Most MA systems mainly focus on security solutions for the protection of agent platforms,
whereas the issue of protecting agents from possibly malicious hosting execution sites is often
neglected and rarely addressed.
With regard to agent platform protection, most common approaches rely on cryptographic
mechanisms that permit to verify the identity of the agent owner, to assign access restrictions to the
agent based on the owner identity/role and to execute agents in a secure environment that can
enforce these restrictions.
In the Concordia system the agent platform protection is achieved through agent authentication
and resource access control [42]. Any Concordia agent has a unique identity associated with the
identity of the user that has launched it. Resource control is based on the Java 1.1 security model
and relies on simple access control lists that allow or deny access to resources on the basis only of
agent identities.
Voyager implements a proprietary security manager to restrict agent operations with the
drawback of modifying the security manager implementation if any security policy changes [43]. In
Grasshopper, customizable access control lists rule agent access to resources on the basis of the
identity of the agent and of the group that it belongs to [44].
15
The Aglets system provides an aglet Security Manager to implement own security policies [31].

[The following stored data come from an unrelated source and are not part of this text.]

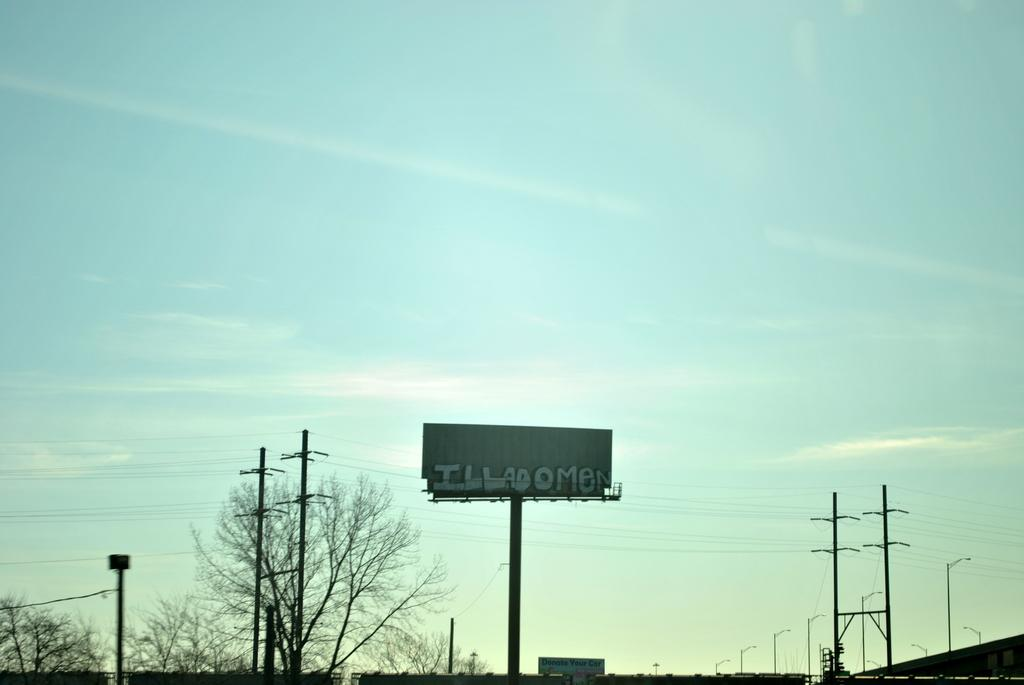<image>
Offer a succinct explanation of the picture presented. The billboard contains graffiti containing the word Illadomen. 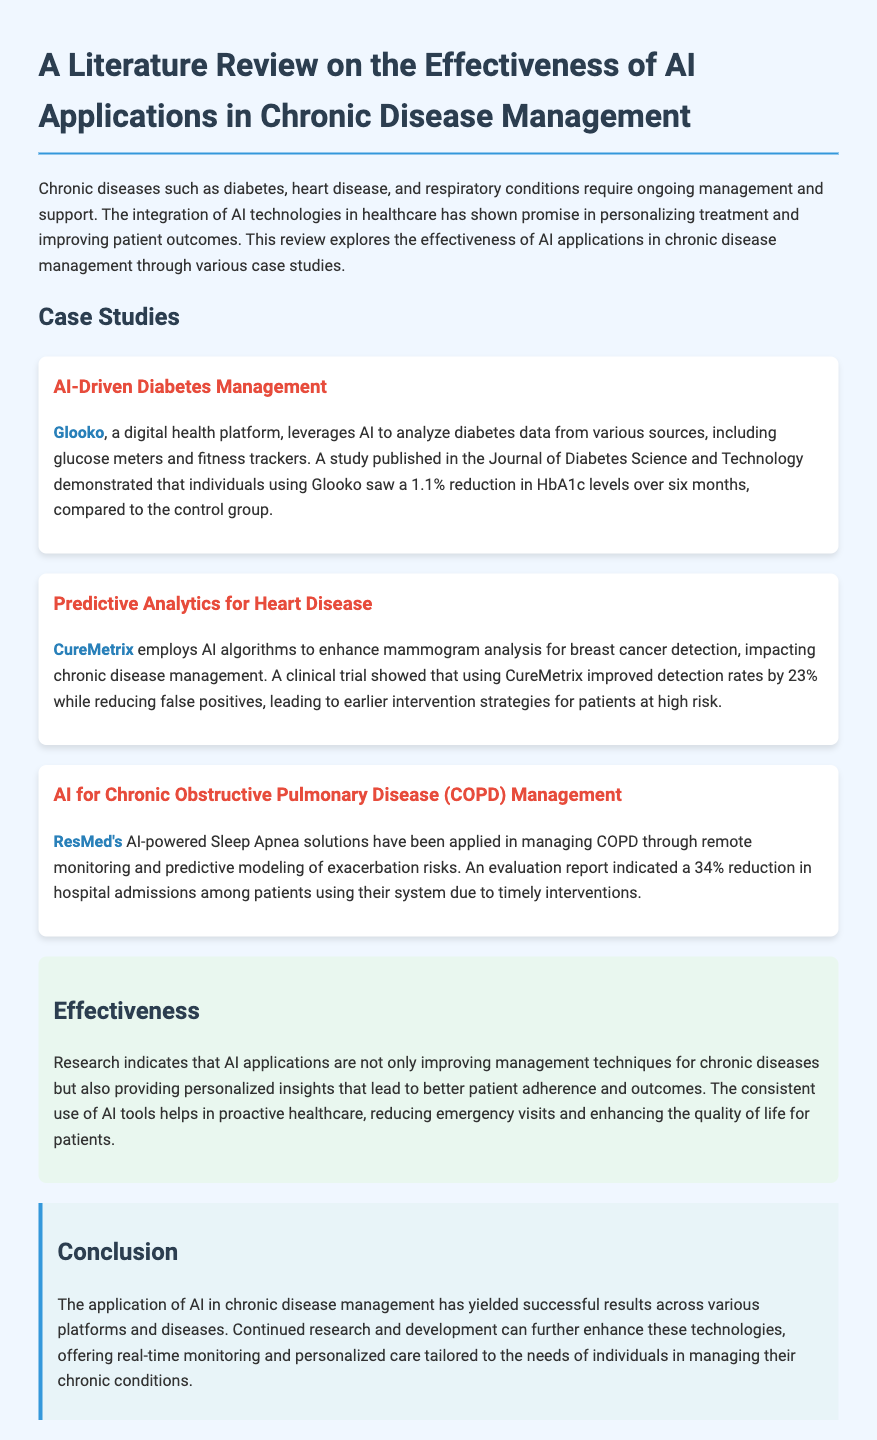what AI platform is used for diabetes management? The document mentions Glooko as the digital health platform used for diabetes management.
Answer: Glooko what percentage reduction in HbA1c levels was observed? According to the case study, individuals using Glooko saw a 1.1% reduction in HbA1c levels.
Answer: 1.1% what improvement in detection rates was achieved using CureMetrix? The clinical trial showed that using CureMetrix improved detection rates by 23%.
Answer: 23% how much did hospital admissions reduce for COPD patients using ResMed's system? The evaluation report indicated a 34% reduction in hospital admissions among patients using ResMed's system.
Answer: 34% what is the primary conclusion about AI in chronic disease management? The conclusion states that the application of AI has yielded successful results across various platforms and diseases.
Answer: Successful results what type of monitoring does ResMed's solution provide for COPD? The document states that ResMed's AI-powered solutions provide remote monitoring for COPD management.
Answer: Remote monitoring what is one benefit of consistent use of AI tools in healthcare? The effectiveness section notes that consistent use of AI tools helps in proactive healthcare.
Answer: Proactive healthcare what chronic diseases are mentioned in the document? The document mentions diabetes, heart disease, and respiratory conditions as examples of chronic diseases.
Answer: Diabetes, heart disease, respiratory conditions 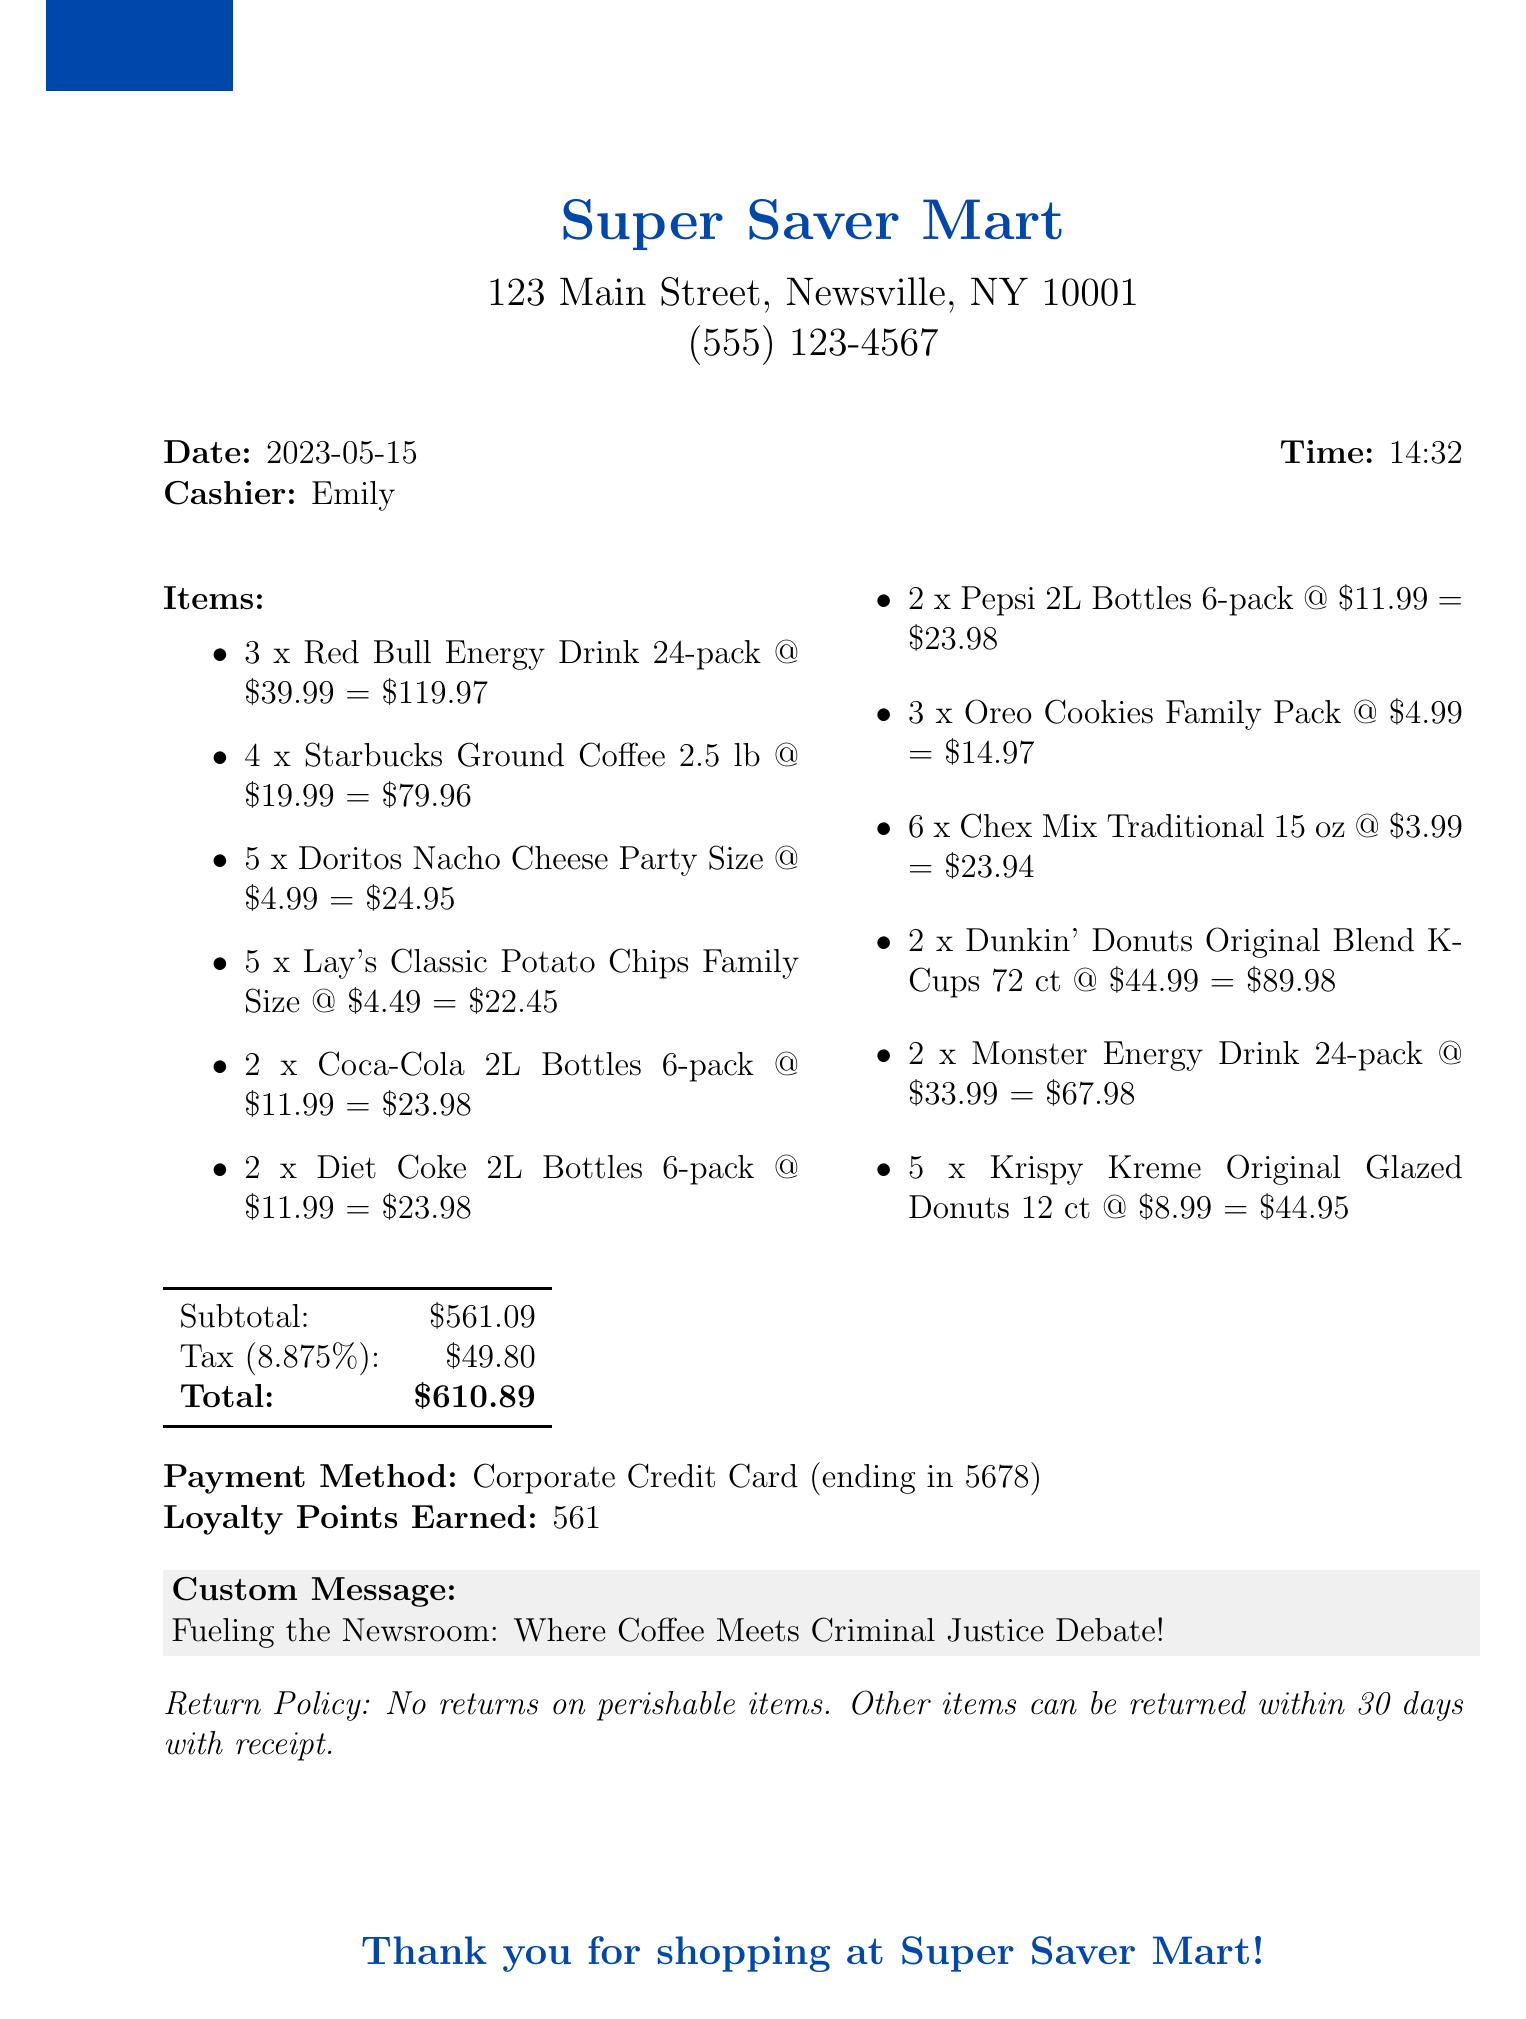What is the store name? The store name is clearly indicated at the top of the receipt.
Answer: Super Saver Mart What is the total amount? The total amount is found near the end of the receipt, summarizing the purchase.
Answer: $610.89 Who was the cashier? The cashier's name is listed right after the date and time.
Answer: Emily How many packs of Red Bull Energy Drinks were purchased? The quantity of a specific item can be found in the itemized list on the receipt.
Answer: 3 What is the tax rate? The tax rate is stated in the summary section of the receipt.
Answer: 8.875% What is the subtotal before tax? The subtotal is given before the tax amount in the summary of the purchase.
Answer: $561.09 How many loyalty points were earned? The earned loyalty points are mentioned in the payment summary section.
Answer: 561 What is the return policy for perishable items? The return policy specifies conditions related to different items, particularly perishable ones.
Answer: No returns on perishable items What payment method was used? The payment method is outlined in the summary details at the end of the receipt.
Answer: Corporate Credit Card 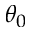<formula> <loc_0><loc_0><loc_500><loc_500>\theta _ { 0 }</formula> 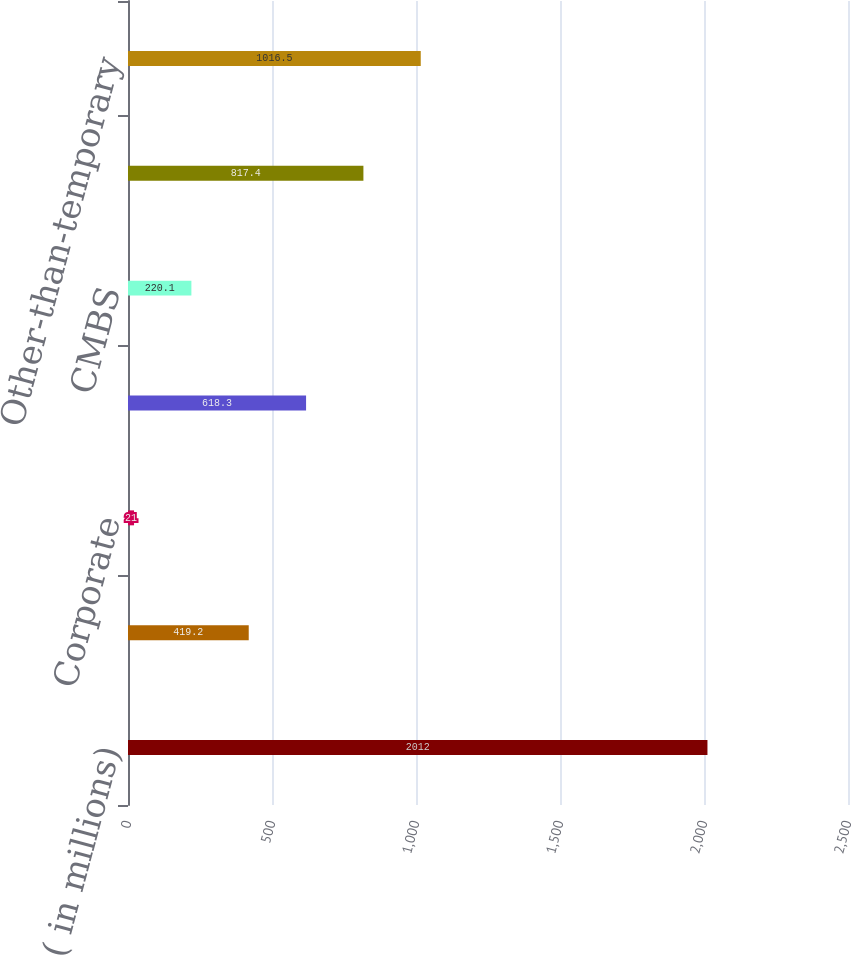Convert chart. <chart><loc_0><loc_0><loc_500><loc_500><bar_chart><fcel>( in millions)<fcel>Municipal<fcel>Corporate<fcel>RMBS<fcel>CMBS<fcel>Total fixed income securities<fcel>Other-than-temporary<nl><fcel>2012<fcel>419.2<fcel>21<fcel>618.3<fcel>220.1<fcel>817.4<fcel>1016.5<nl></chart> 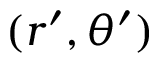<formula> <loc_0><loc_0><loc_500><loc_500>( r ^ { \prime } , \theta ^ { \prime } )</formula> 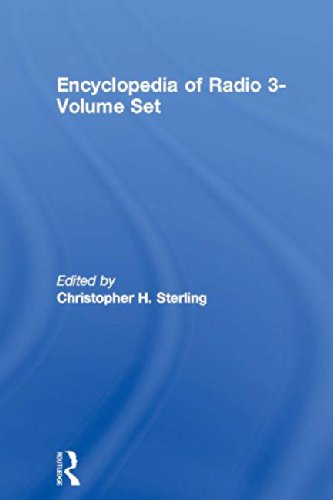Is this book related to Christian Books & Bibles? No, this book is not related to Christian Books & Bibles. It is a scholarly reference work that discusses radio, its technology and historical development. 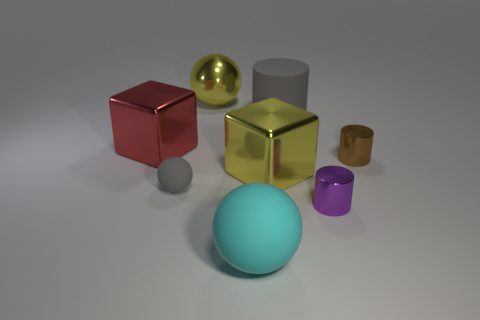How many other objects are the same size as the gray rubber sphere?
Offer a terse response. 2. The matte cylinder has what color?
Keep it short and to the point. Gray. What number of rubber things are cubes or gray balls?
Offer a terse response. 1. What size is the yellow metallic thing that is in front of the cylinder behind the object to the left of the small rubber sphere?
Provide a short and direct response. Large. How big is the metallic thing that is on the left side of the brown metal object and on the right side of the rubber cylinder?
Give a very brief answer. Small. There is a large sphere behind the tiny gray matte thing; is it the same color as the matte ball behind the large cyan ball?
Your answer should be compact. No. There is a tiny brown cylinder; how many yellow shiny objects are behind it?
Provide a succinct answer. 1. There is a metal object that is in front of the rubber ball to the left of the yellow shiny ball; is there a small brown metal thing that is in front of it?
Give a very brief answer. No. What number of purple metal cylinders have the same size as the gray ball?
Offer a terse response. 1. There is a ball in front of the small metal object to the left of the small brown cylinder; what is its material?
Provide a succinct answer. Rubber.

The behavior of the Security Manager cannot be changed directly, but via a GUI tool or directly
editing policy files. In the Aglet security model, agents can access resources depending on their
associated principles, i.e. entities that can be authenticated. Examples of defined principles include
the agent, the agent developer and the agent owner.
D'Agents authenticates the owner of an agent, assigns resource limits to the agent based on this
identity and enforces those limits [45]. Resources are divided into indirect resources that are
accessed through another agent and built-in resources that are directly accessible through language
primitives. The agent that controls an indirect resource enforces its own access restrictions. For
builtin resources there are some absolute access policies that are enforced by the server.
Ajanta protects hosting resources through an ad-hoc Security Manager that uses identity-based
access control lists to grant or deny agent access [46]. The Ajanta Security Manager is used only for
mediating access to system-level resources. For all application-defined resources, Ajanta uses a
proxy-based mechanism where a proxy intercepts agent requests and denies or grants access based
on its own security policy and on the agent’s credentials, i.e. tamperproof information including the
agent owner.
The MARISM-A platform provides security mechanisms to protect migration, confidentiality and
integrity of agents [47]. MARISM-A is based on Java and is very similar to other existing agent
platforms, like Grasshopper, but its main different feature is its simple extensibility. In fact, its core
provided features, like confidentiality and authentication for agent communication, can be extended
with some more complex security mechanisms. For example, an extension of MARISM-A core
security model exploits SPKI (Simple PKI) features to realize a role based access control model.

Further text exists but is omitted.